Each line below that includes the word "whole" is to be reported.

* DATASET CONTENT:

================================

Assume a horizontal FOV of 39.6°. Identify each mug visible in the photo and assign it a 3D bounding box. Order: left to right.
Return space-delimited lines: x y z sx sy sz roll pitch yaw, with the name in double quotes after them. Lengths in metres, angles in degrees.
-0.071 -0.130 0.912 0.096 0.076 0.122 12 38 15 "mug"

================================

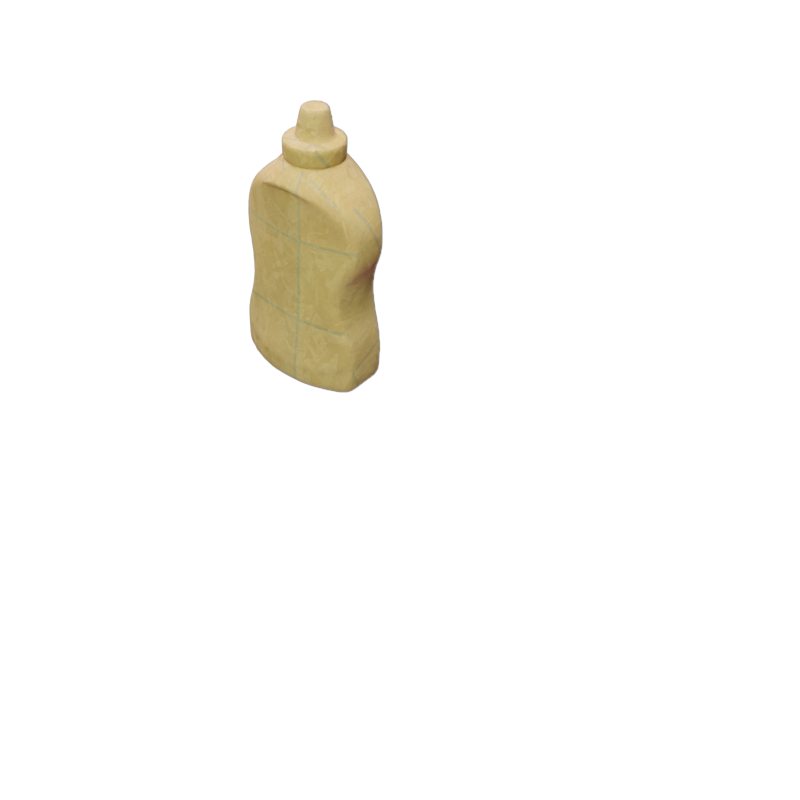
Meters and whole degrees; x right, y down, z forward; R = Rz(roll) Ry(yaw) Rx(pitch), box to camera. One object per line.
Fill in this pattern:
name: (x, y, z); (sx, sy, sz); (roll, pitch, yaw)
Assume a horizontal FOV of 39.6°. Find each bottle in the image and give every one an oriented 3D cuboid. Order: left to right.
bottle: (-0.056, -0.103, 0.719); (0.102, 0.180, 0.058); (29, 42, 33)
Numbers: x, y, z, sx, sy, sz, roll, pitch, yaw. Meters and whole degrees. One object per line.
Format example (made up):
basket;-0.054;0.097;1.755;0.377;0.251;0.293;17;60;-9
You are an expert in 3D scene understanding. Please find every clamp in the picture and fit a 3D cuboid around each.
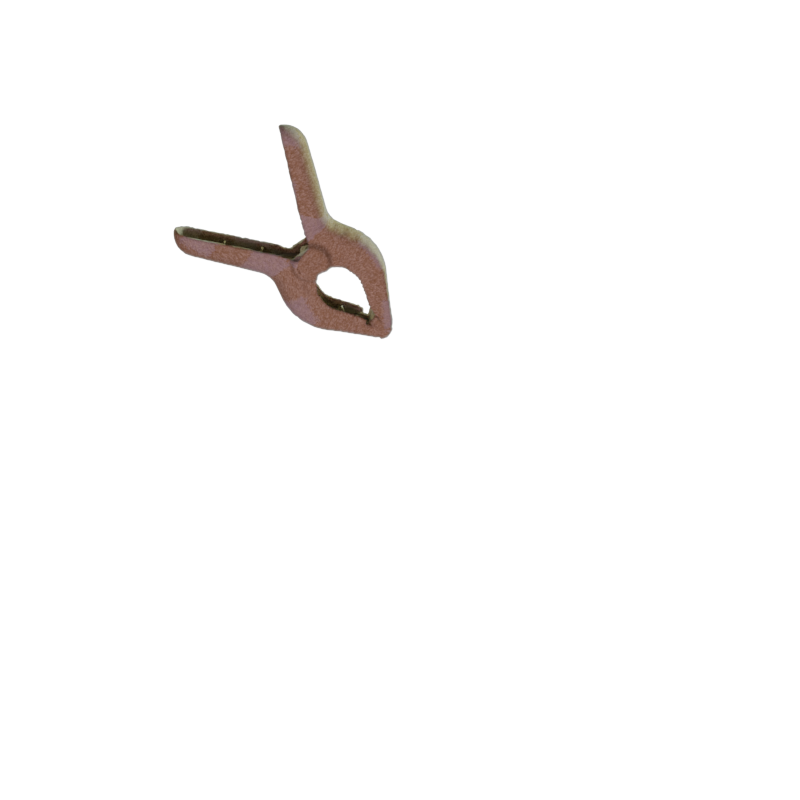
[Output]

================================

* RESULT FOR THIS EXERCISE:
Meters and whole degrees; x right, y down, z forward; R = Rz(roll) Ry(yaw) Rx(pitch), box to camera. One object per line.
Numbers: x, y, z, sx, sy, sz, roll, pitch, yaw. Meters and whole degrees. One object per line.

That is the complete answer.